Kombucha club (use)

Roughly 25 students gathered for the first WVU Kombucha Brewing Club meeting in the Engineering Sciences Building.

The Kombucha Brewing Club is welcoming new members who are interested in learning more about the process of making the fermented drink after becoming an official student organization last week.

“This has been in total six months in the works, and it's something that I'm very proud of,” Hunter Hardway, president of the Kombucha Brewing Club, said. “I want to spread that knowledge [kombucha brewing] to people, but I also want to make sure they know how to do it safely.”

The club meets every other Thursday at 7 p.m. in the Engineering Sciences building. During their weekly meeting, the club’s officers hope to educate members about the drink and to connect with others who share the same passion for brewing kombucha.

“Anyone can join. We want people from all majors. Evansdale, downtown; freshman, seniors, even graduate students,” Hardway said.

Kombucha is a fermented, non-alcoholic tea drink that can be made anywhere and has the same carbonation as fountain drinks.

The drink’s flavoring can vary and can be anything from a fruit-like taste to tartness depending on what the brewer mixes in. Fermentation for kombucha usually takes ten to fourteen days, but Hardway says that it can take longer in order to get the desired strength of taste.

Kombucha Club

The kombucha base (left) and tea (right) are set up for members to mix their own drink.

Hardway explained that kombucha can be made anywhere, including dorm rooms on campus. The drink starts with a base liquid, usually already fermented kombucha, mixed with tea and can be brewed in a glass jar to avoid getting harmful bacteria microbes like mold in the mixture, which can ruin the drink.

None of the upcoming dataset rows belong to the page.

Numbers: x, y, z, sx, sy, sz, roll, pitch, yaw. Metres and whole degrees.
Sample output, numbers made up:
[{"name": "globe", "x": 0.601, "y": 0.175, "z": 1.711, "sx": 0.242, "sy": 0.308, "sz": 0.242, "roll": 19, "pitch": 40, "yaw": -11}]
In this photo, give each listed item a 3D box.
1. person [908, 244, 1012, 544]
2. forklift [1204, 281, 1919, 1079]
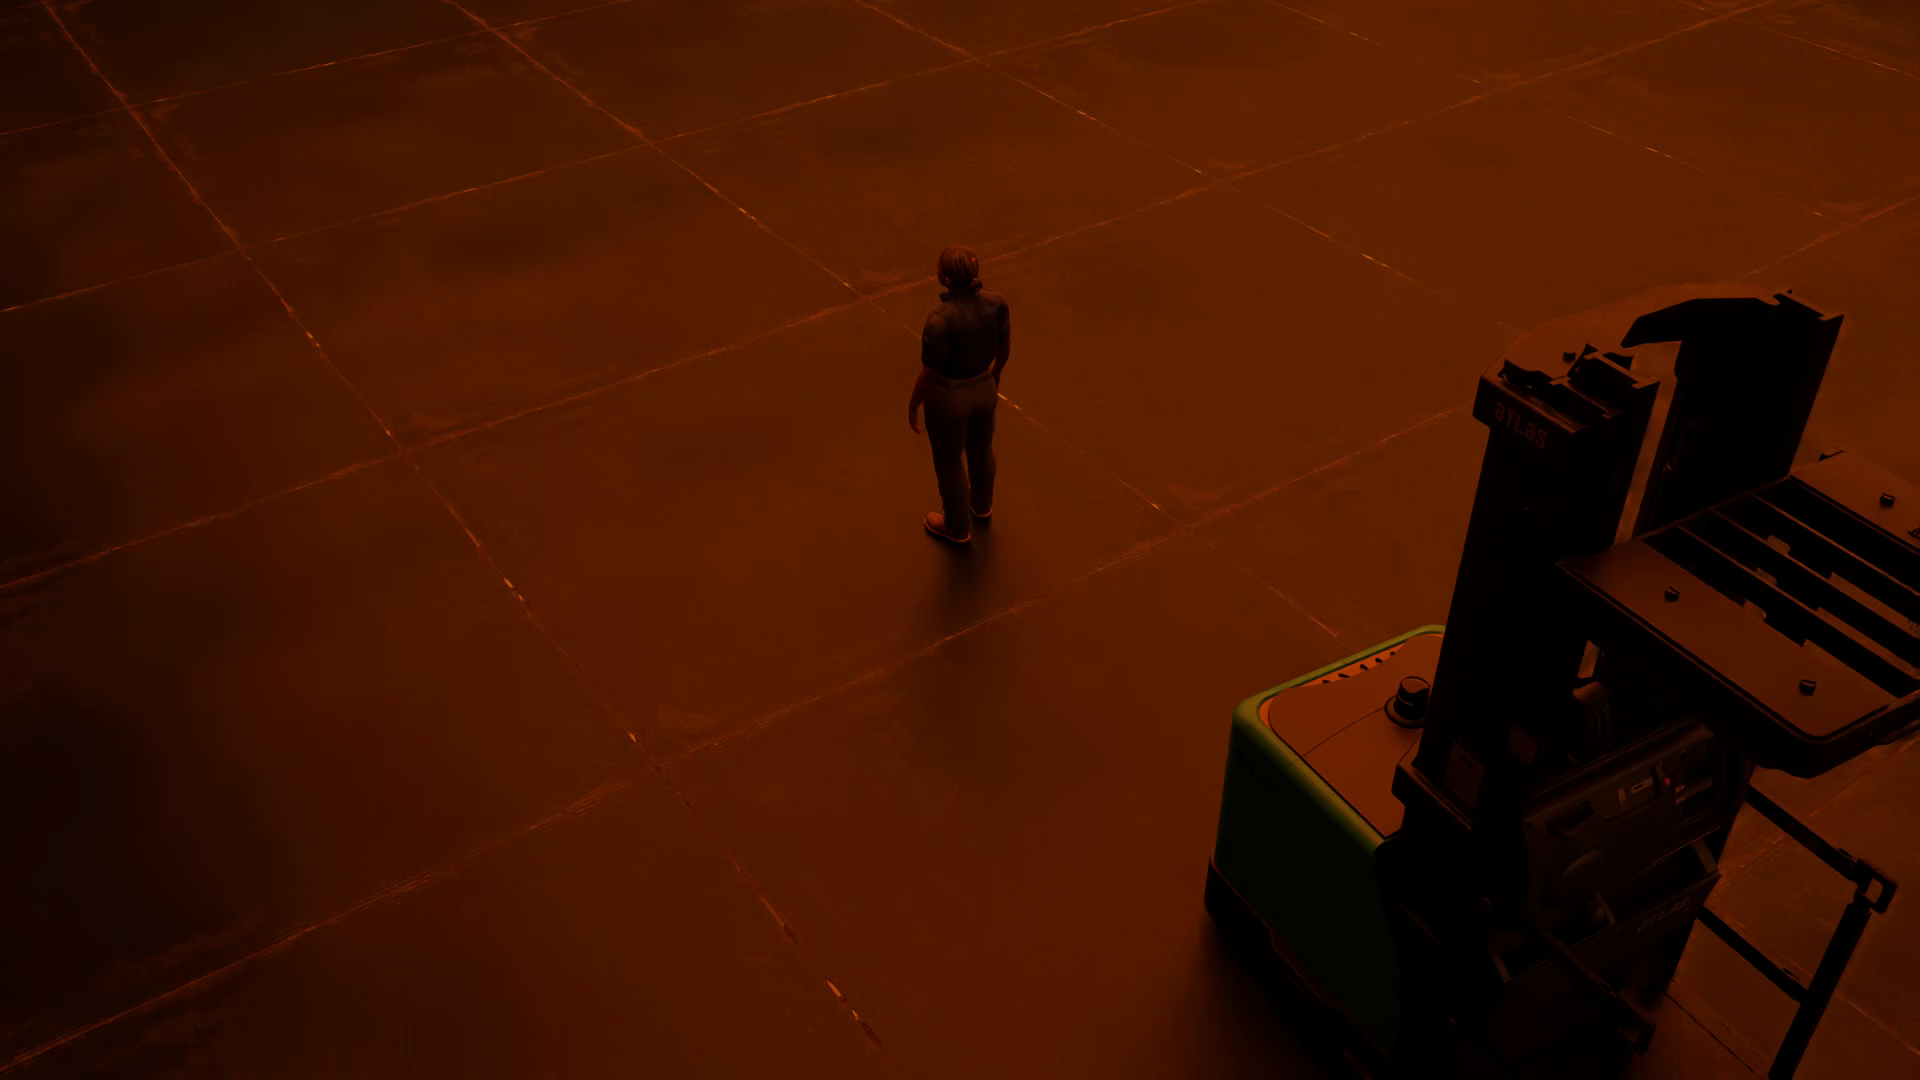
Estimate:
[{"name": "person", "x": -0.034, "y": -0.720, "z": 7.981, "sx": 0.569, "sy": 1.654, "sz": 0.504, "roll": -23, "pitch": 42, "yaw": -28}, {"name": "forklift", "x": 2.104, "y": 0.882, "z": 4.752, "sx": 1.130, "sy": 2.935, "sz": 3.031, "roll": -19, "pitch": 40, "yaw": -23}]

Kombucha also needs to be placed somewhere away from the sun for proper fermentation.

The Kombucha Brewing Club handed out starter kits for members who wanted to brew their own kombucha during their first meeting.

“There's a lot of up and coming studies showing the benefits that kombucha can have in your diet,” Hardway said. “Especially as new gut science progresses.”

Kombucha is said to contain probiotics, as well as Vitamin B, antioxidants and strong antibacterial properties. Depending on the tea that is used to brew the kombucha, there might be added benefits. Green tea, when used in brewing kombucha, gives the drink powerful antioxidants and protects LDL cholesterol from oxidation which lowers the risk of heart disease, according to Hardway.